It is November 2022, and my first
paying clients in my company
was 10 years ago, November 2012.
First paying client that wasn't a friend
or friend of a friend, and that feels like
a pretty significant milestone for me.
I feel pretty proud, especially looking
back at everything I've built and
accomplished in the last 10 years.
So I have been thinking for the past
couple months about how I wanted
to celebrate this and acknowledge
it and creating this podcast
episode is one of those ways.
I also love seeing the behind the
scenes of other people's businesses,
so I thought it would be cool to
give my audience a behind the scenes
into mine and what it took to grow
it and how I got to where I am today.
I'm going to be getting into how I
got into this field, how I got my
first clients, how I grew my business,
the process of hiring a team and
then deciding I didn't want one,
and some of the biggest lessons that
I've learned along the way as well.
All right, so without further
ado, let's get into it.
So both my parents are programmers,
which meant that I was exposed to
computers from a pretty young age,
compared to a lot of people my age.
I would say from about the age of
seven, we had computers in our house.
And I learned to code basic
front-end web development, HTML and
CSS, around the age of 13 or 14.
And I built my own website, like not
one on Geocities, one that I coded
from scratch, that was a Buffy the
Vampire Slayer fan site, cause that
was my obsession in my teenage years.
So I had this website,
that was my favorite hobby.
I would go on and add content to it.
And every few months I would
revamp and redesign the whole site,
which meant recoding everything.
And I got pretty good at the web
development and design part of things.
So fast forward to when I went to
university, I never even considered
studying computer science.
And I have definitely kicked myself
for that decision a few times, but I
really feel a big part of that decision
was just lack of representation.
I literally didn't even
think of it as an option.
When I thought of a computer
programmer, I thought of, you know,
nerdy men and not someone like the
person that I felt I wanted to be.
So I studied psychology and, when
I was in university, I became
friends with another woman who I'm
still very good friends with today.
And she was studying business
and she invited me to join the
entrepreneurship club at school,
and that got me totally hooked.
I started taking business classes
with my electives in my psych degree.
And I got a certificate
in public relations.
That friend and I also started
our first business together,
which was a partnership.
And we promoted local music and planned
local music events for our city.
We had a blog and a website that
went with it and we interviewed
a lot of local bands as well.
A lot of the local bands started
asking me how we built our website.
And I just said, yeah, I just
built it because it was just
something I knew how to do.
And when they started asking me
to build them websites, I realized
that there could be something there.
So I started building websites for
local bands that I knew through this
other business partnership that I had.
And eventually November 2012, I launched,
a business under like a separate business.

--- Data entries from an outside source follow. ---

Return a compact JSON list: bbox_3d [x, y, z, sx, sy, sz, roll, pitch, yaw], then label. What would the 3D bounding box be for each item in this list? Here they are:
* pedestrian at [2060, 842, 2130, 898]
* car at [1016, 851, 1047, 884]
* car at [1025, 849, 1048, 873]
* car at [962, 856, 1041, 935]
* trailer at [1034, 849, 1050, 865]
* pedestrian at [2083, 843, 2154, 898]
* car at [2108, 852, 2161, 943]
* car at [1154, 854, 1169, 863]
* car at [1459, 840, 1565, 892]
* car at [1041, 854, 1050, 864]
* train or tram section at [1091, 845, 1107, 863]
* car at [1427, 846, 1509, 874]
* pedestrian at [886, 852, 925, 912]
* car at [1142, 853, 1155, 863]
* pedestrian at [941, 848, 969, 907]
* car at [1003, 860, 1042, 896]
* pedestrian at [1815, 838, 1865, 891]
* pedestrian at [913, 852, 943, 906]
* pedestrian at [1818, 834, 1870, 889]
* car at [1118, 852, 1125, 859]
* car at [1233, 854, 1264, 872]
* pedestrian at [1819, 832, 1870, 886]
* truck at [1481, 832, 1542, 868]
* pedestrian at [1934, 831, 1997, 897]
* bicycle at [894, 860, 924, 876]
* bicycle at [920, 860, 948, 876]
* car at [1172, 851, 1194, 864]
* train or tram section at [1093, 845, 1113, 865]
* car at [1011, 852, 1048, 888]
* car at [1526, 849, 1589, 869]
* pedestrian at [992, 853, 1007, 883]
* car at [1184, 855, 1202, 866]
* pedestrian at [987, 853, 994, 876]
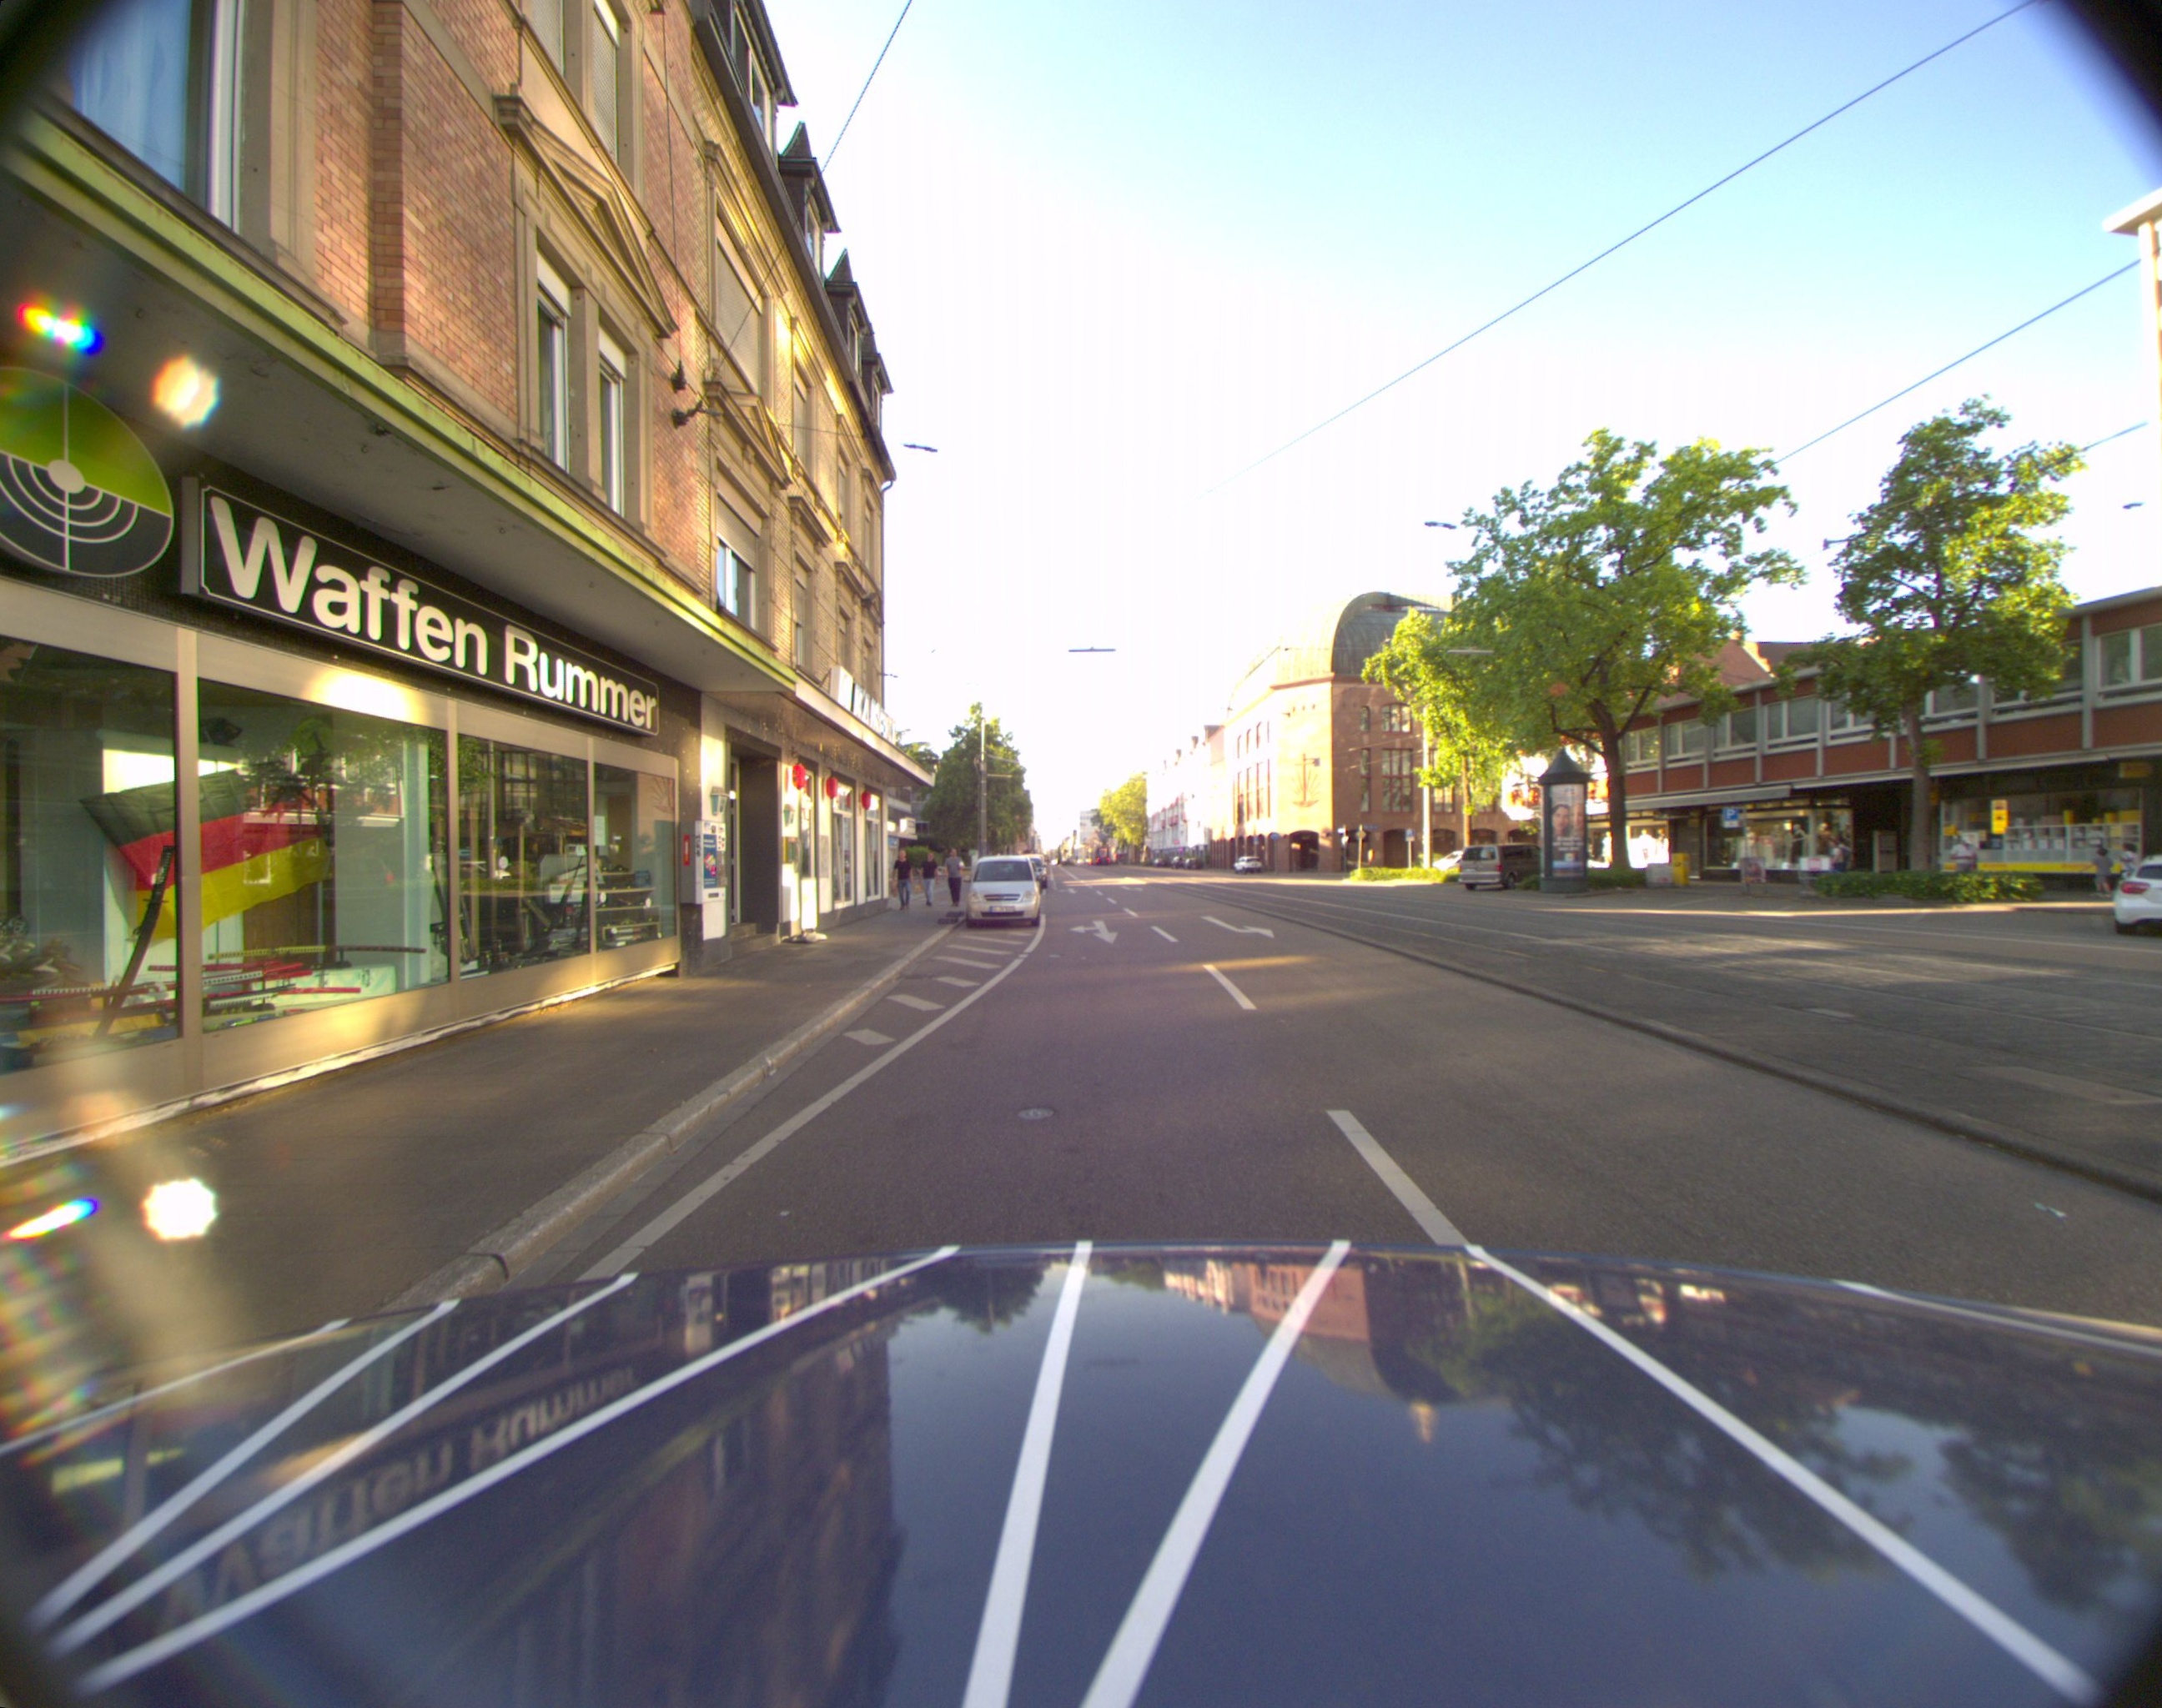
[{"bbox_3d":[27.316,0.425,20.486,0.689,1.488,0.900,-1,0,-5],"label":"pedestrian"},{"bbox_3d":[-2.906,0.778,45.259,1.680,1.797,4.247,-2,0,-3],"label":"car"},{"bbox_3d":[-4.051,0.620,69.919,1.882,2.009,4.904,-2,0,-2],"label":"car"},{"bbox_3d":[-1.815,0.885,18.158,1.642,1.605,3.943,-1,0,-4],"label":"car"},{"bbox_3d":[-5.360,0.429,104.943,1.784,2.136,5.315,-2,0,0],"label":"trailer"},{"bbox_3d":[28.032,0.431,20.543,0.689,1.462,0.900,-1,0,-5],"label":"pedestrian"},{"bbox_3d":[20.637,0.750,14.026,4.276,1.421,1.762,-3,1,-33],"label":"car"},{"bbox_3d":[13.041,0.703,123.175,1.829,1.500,4.559,-2,0,-2],"label":"car"},{"bbox_3d":[18.640,0.452,32.758,5.130,1.918,1.849,-3,2,-34],"label":"car"},{"bbox_3d":[-5.775,0.806,123.949,1.420,1.425,3.871,-2,0,-3],"label":"car"},{"bbox_3d":[3.604,0.051,154.813,2.683,3.530,11.123,0,0,-3],"label":"train or tram section"},{"bbox_3d":[28.535,0.420,56.148,4.993,1.957,2.130,-1,3,-4],"label":"car"},{"bbox_3d":[-5.168,0.799,22.388,0.903,1.703,1.032,2,0,-3],"label":"pedestrian"},{"bbox_3d":[12.299,0.671,139.057,1.931,1.787,4.383,-1,0,1],"label":"car"},{"bbox_3d":[-4.119,0.753,24.970,0.796,1.888,1.032,0,1,-3],"label":"pedestrian"},{"bbox_3d":[-2.691,1.071,35.250,1.642,1.484,3.793,-3,0,-4],"label":"car"},{"bbox_3d":[27.129,0.364,27.165,0.919,1.867,0.900,-1,1,-5],"label":"pedestrian"},{"bbox_3d":[-4.956,0.796,24.731,0.813,1.746,1.032,0,1,-3],"label":"pedestrian"},{"bbox_3d":[26.526,0.262,26.415,0.919,1.867,0.900,-1,1,-5],"label":"pedestrian"},{"bbox_3d":[11.153,0.344,209.572,1.861,1.914,3.999,0,0,-1],"label":"car"},{"bbox_3d":[15.535,0.790,70.684,1.600,1.581,4.276,-3,0,-4],"label":"car"},{"bbox_3d":[28.118,0.185,27.988,0.996,1.937,0.900,-1,1,-5],"label":"pedestrian"},{"bbox_3d":[34.216,-0.282,60.526,1.856,2.747,4.528,-1,0,-7],"label":"truck"},{"bbox_3d":[25.744,0.296,22.141,0.917,1.867,0.902,0,1,26],"label":"pedestrian"},{"bbox_3d":[-11.931,0.974,52.703,2.020,1.089,0.637,1,0,-9],"label":"bicycle"},{"bbox_3d":[-10.389,0.999,53.611,1.886,1.090,0.469,0,1,-4],"label":"bicycle"},{"bbox_3d":[13.965,0.423,104.309,1.964,1.690,4.559,-2,0,-4],"label":"car"},{"bbox_3d":[4.083,0.095,143.869,2.683,3.530,12.837,0,0,-3],"label":"train or tram section"},{"bbox_3d":[-2.686,0.805,40.540,1.825,1.747,4.473,-2,1,-3],"label":"car"},{"bbox_3d":[38.037,0.379,60.762,1.856,1.564,4.528,-1,0,-7],"label":"car"},{"bbox_3d":[-4.763,0.785,44.528,0.789,1.727,0.945,-1,1,-3],"label":"pedestrian"},{"bbox_3d":[14.341,0.837,97.494,1.646,1.392,3.682,-2,0,-2],"label":"car"},{"bbox_3d":[-6.793,0.798,57.053,0.494,1.703,0.437,2,1,-3],"label":"pedestrian"}]

And I got my first paying client,
which was a local pet store.
Around this time I also started
working in marketing roles.
My first real office job was for
a nonprofit where I was doing
marketing and communications.
And then after that, I got a job
for a marketing agency, just as a
basic account coordinator position.
While I was working these jobs
I was building websites on
the side for local businesses.
After about two years of working
and running this as a side hustle,
it started getting really busy and
I wanted to be on my own so bad
that I decided to make the leap.
I did not have any savings.
I did not do this in a
very smart way at all.
I just figured that my business
would just keep growing and I
would just keep getting clients, but
that's not exactly how it happened.
So for the next two years, I think I
probably made about 20 to $30,000 a year.
With that business.
And so it was not quite the success
that I thought it was going to be.
At this time, I had also started adding
in help with social media, email marketing
services, SEO, Google analytics services,
and I'd even made my first online course,
which was a Google analytics course.
But it was a struggle for sure.
I definitely did not
know what I was doing.
I ended up moving to a new city, which was
in part because of some personal changes
in my life and also just kind of wanting.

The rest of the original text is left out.